We have thus far lived out the drama of Christ's earthly life -- His Nativity at Christmas, His revealing Himself as God at the Epiphany, His time in the desert at Lent, His Passion and Resurrection at Good Friday and Easter. We recalled His glorious Ascension, and at last week's Pentecost, the Holy Ghost has descended upon the Church, sent by the Father and the Son.
 
God's Triune Nature has been fully revealed, and now we celebrate the Most Holy Trinity on this day, hearing in today's Gospel, "All power is given to Me in heaven and on earth. Going therefore, teach ye all nations, baptizing them in the Name of the Father and of the Son and of the Holy Ghost. Teaching them to observe all the things whatsoever I have commanded you; and behold I am with you all days even to the consummation of the world" (this is known as the "Great Commission").

And with this Mass, the Time After Pentecost, the season that represents the Church Age, begins. Vestments today will be white.
Viola tricolor
Symbols for the day are the natural symbols of the Trinity -- the shamrock used by St. Patrick to explain the Trinity to the ancient Irish, the pansy -- viola tricolor -- called the "Trinity Flower," a candle with 3 flames, the triangle, the trefoil, 3 interlocking circles, etc.
 
There are no particular customs for the day that I am aware of, but I urge meditating on the short, poetic tale of St. Augustine's encounter with the mysterious boy at the seashore, and reading the 4th c. Athanasian Creed -- the statement of Faith that best summarizes Catholic teaching on the Trinity. Both of these are presented below.

 
 

The Athanasian Creed

Whoever wishes to be saved must, above all, keep the Catholic faith. For unless a person keeps this faith whole and entire, he will undoubtedly be lost forever. This is what the catholic faith teaches: we worship one God in the Trinity and the Trinity in unity. Neither confounding the Persons, nor dividing the substance. For there is one Person of the Father, another of the Son, another of the Holy Spirit.

But the Father and the Son and the Holy Spirit have one divinity, equal glory, and coeternal majesty. What the Father is, the Son is, and the Holy Spirit is.

The Father is uncreated, the Son is uncreated, and the Holy Spirit is uncreated.
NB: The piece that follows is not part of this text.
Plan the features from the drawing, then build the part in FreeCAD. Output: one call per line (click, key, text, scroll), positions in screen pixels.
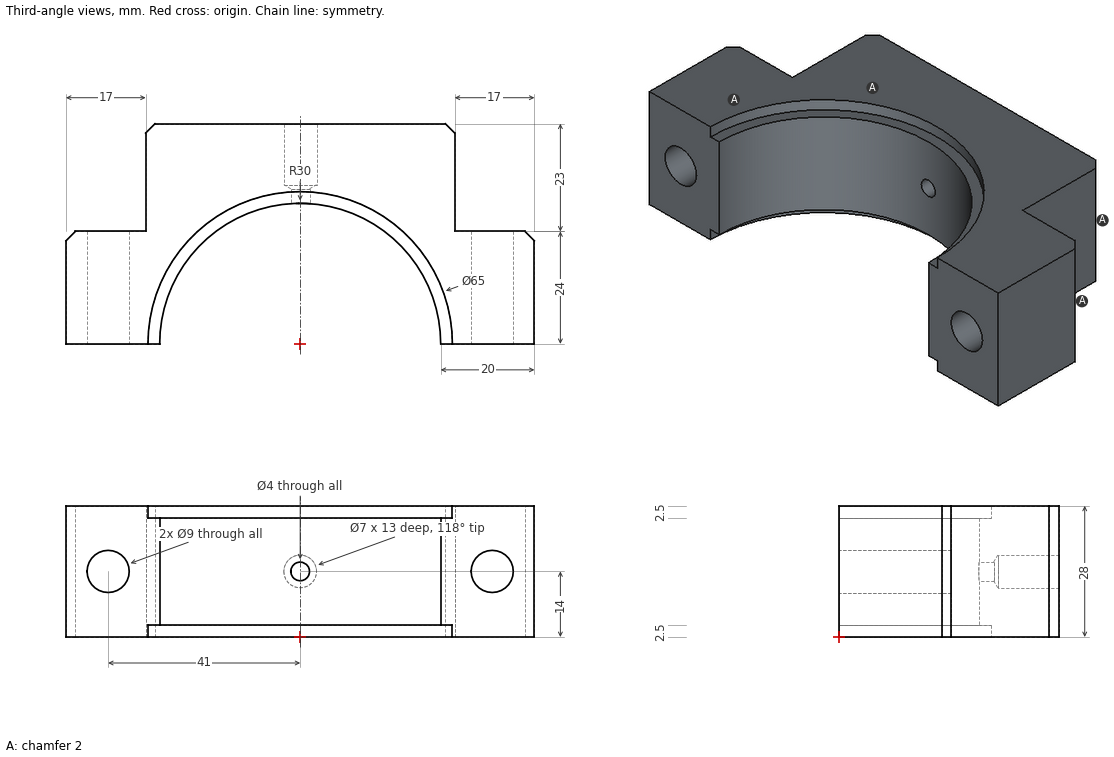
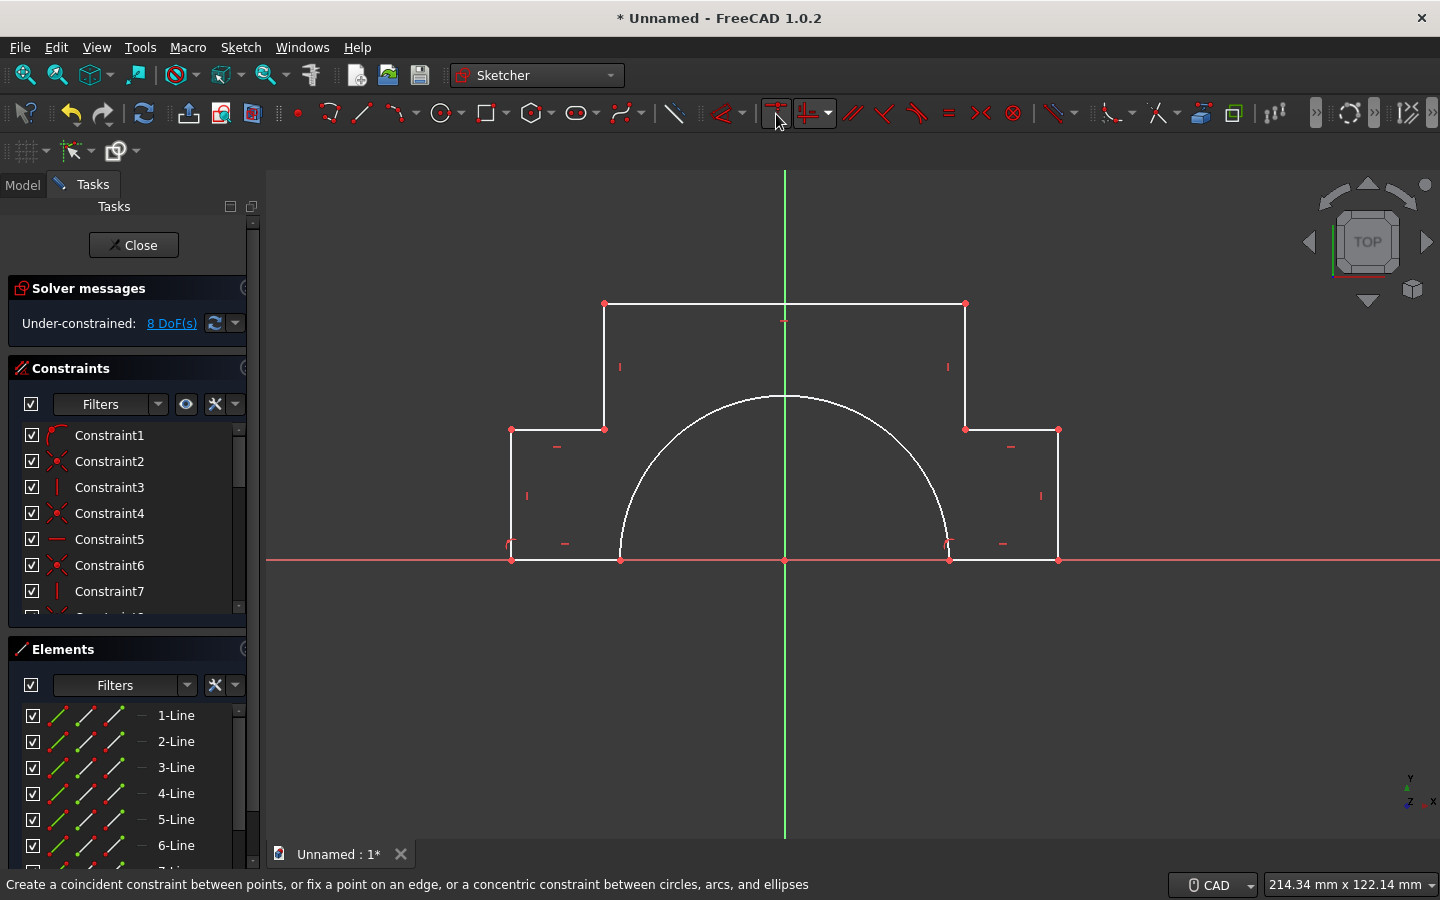
click(965, 430)

The Father is boundless, the Son is boundless, and the Holy Spirit is boundless. The Father is eternal, the Son is eternal, and the Holy Spirit is eternal.

Nevertheless, there are not three eternal beings, but one eternal being. So there are not three uncreated beings, nor three boundless beings, but one uncreated being and one boundless being. Likewise, the Father is omnipotent, the Son is omnipotent, the Holy Spirit is omnipotent.
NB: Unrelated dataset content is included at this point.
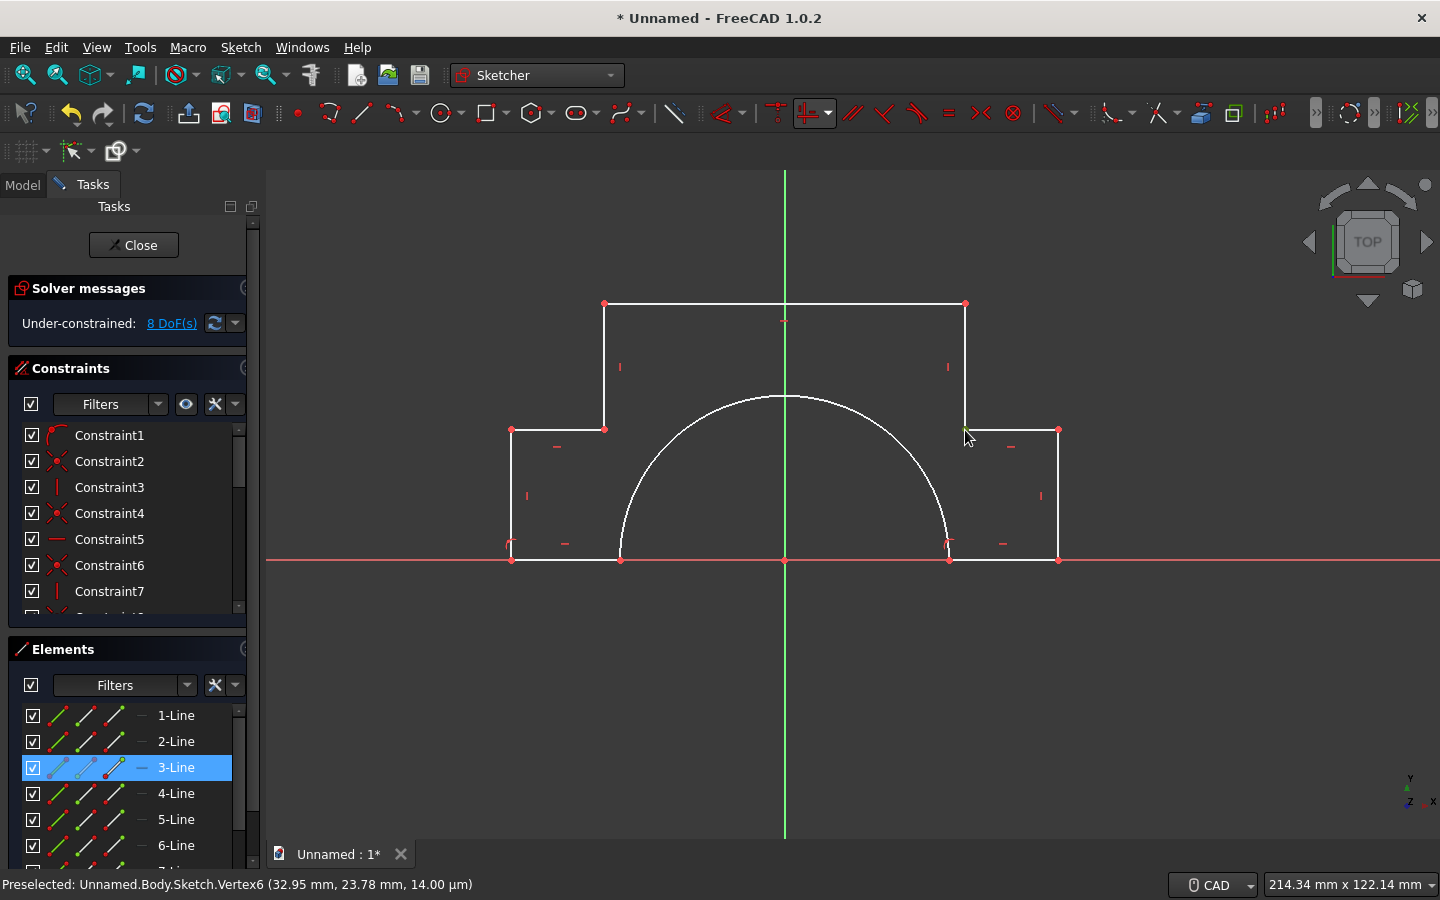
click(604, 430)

Yet there are not three omnipotent beings, but one omnipotent being. Thus the Father is God, the Son is God, and the Holy Spirit is God.
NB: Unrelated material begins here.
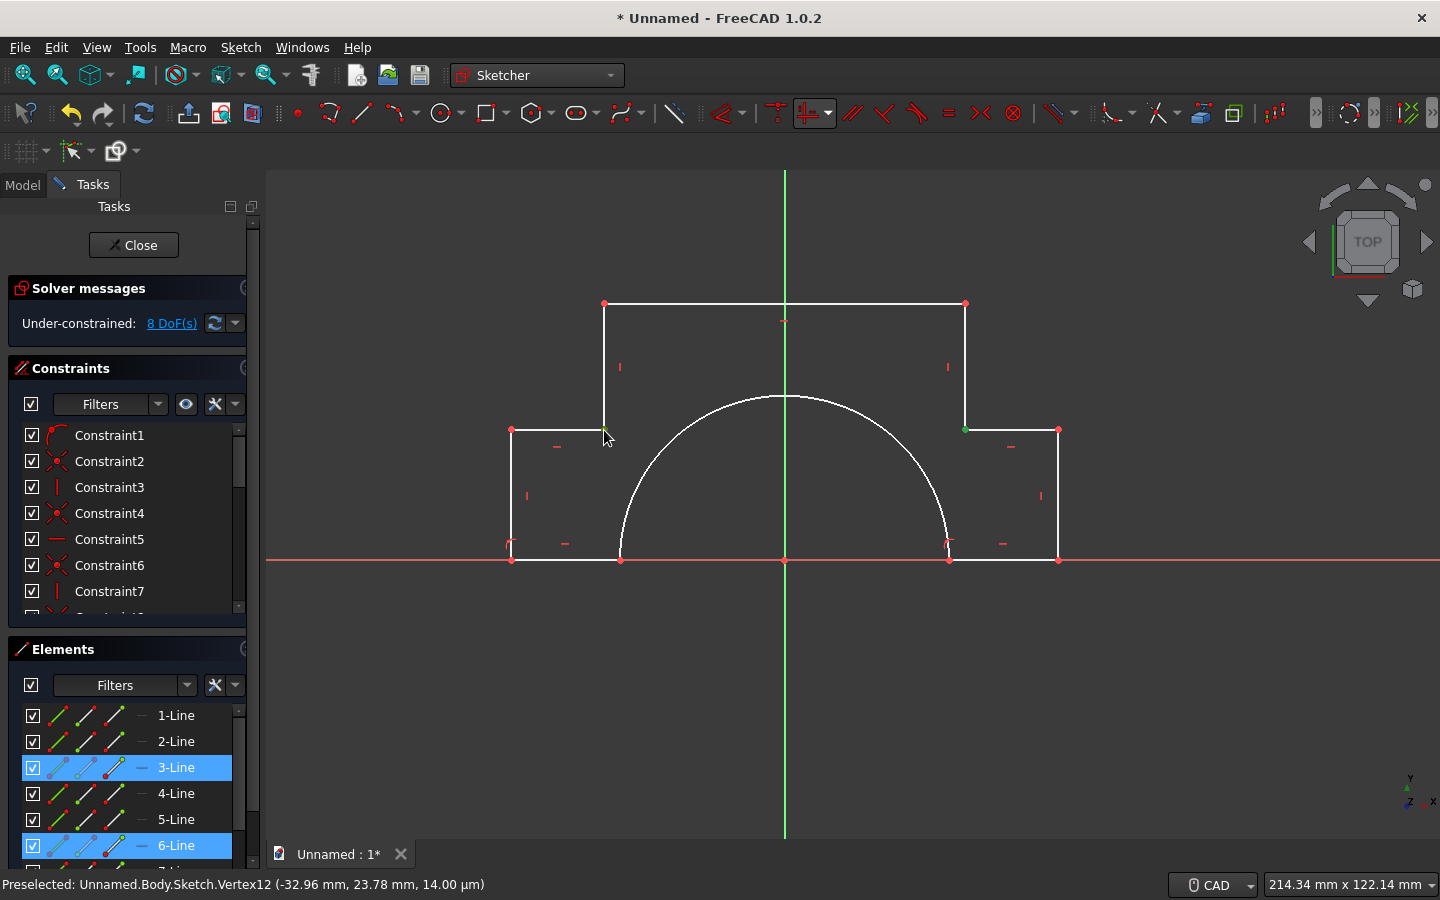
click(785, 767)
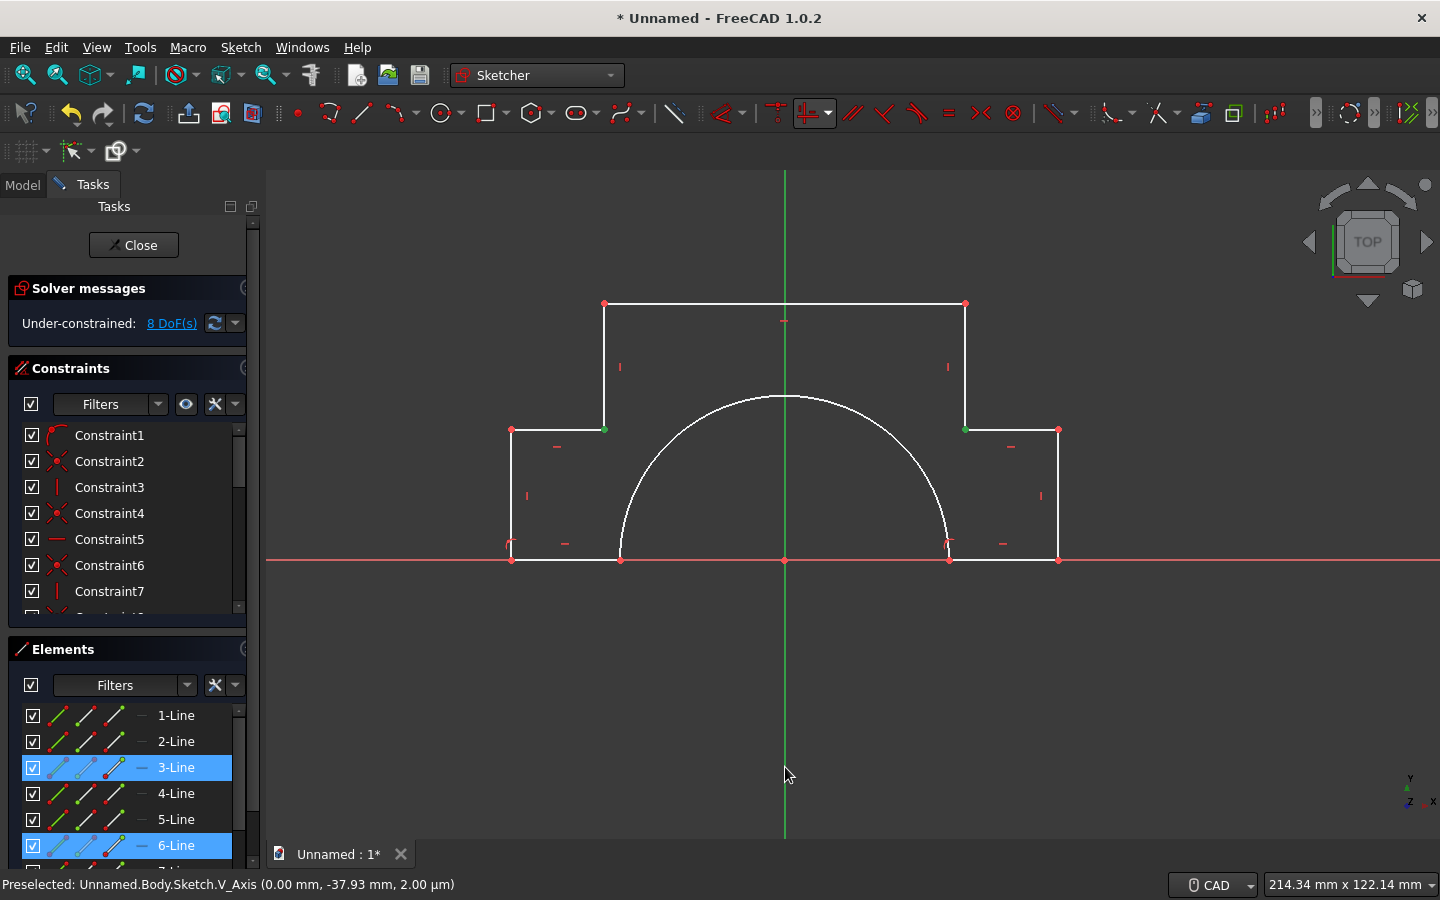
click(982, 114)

However, there are not three gods, but one God. The Father is Lord, the Son is Lord, and the Holy Spirit is Lord. However, there are not three lords, but one Lord. For as we are obliged by Christian truth to acknowledge every Person singly to be God and Lord, so too are we forbidden by the Catholic religion to say that there are three Gods or Lords.

The Father was not made, nor created, nor generated by anyone. The Son is not made, nor created, but begotten by the Father alone. The Holy Spirit is not made, nor created, nor generated, but proceeds from the Father and the Son. There is, then, one Father, not three Fathers; one Son, not three sons; one Holy Spirit, not three holy spirits. In this Trinity, there is nothing before or after, nothing greater or less. The entire three Persons are coeternal and coequal with one another. So that in all things, as is has been said above, the Unity is to be worshiped in Trinity and the Trinity in Unity.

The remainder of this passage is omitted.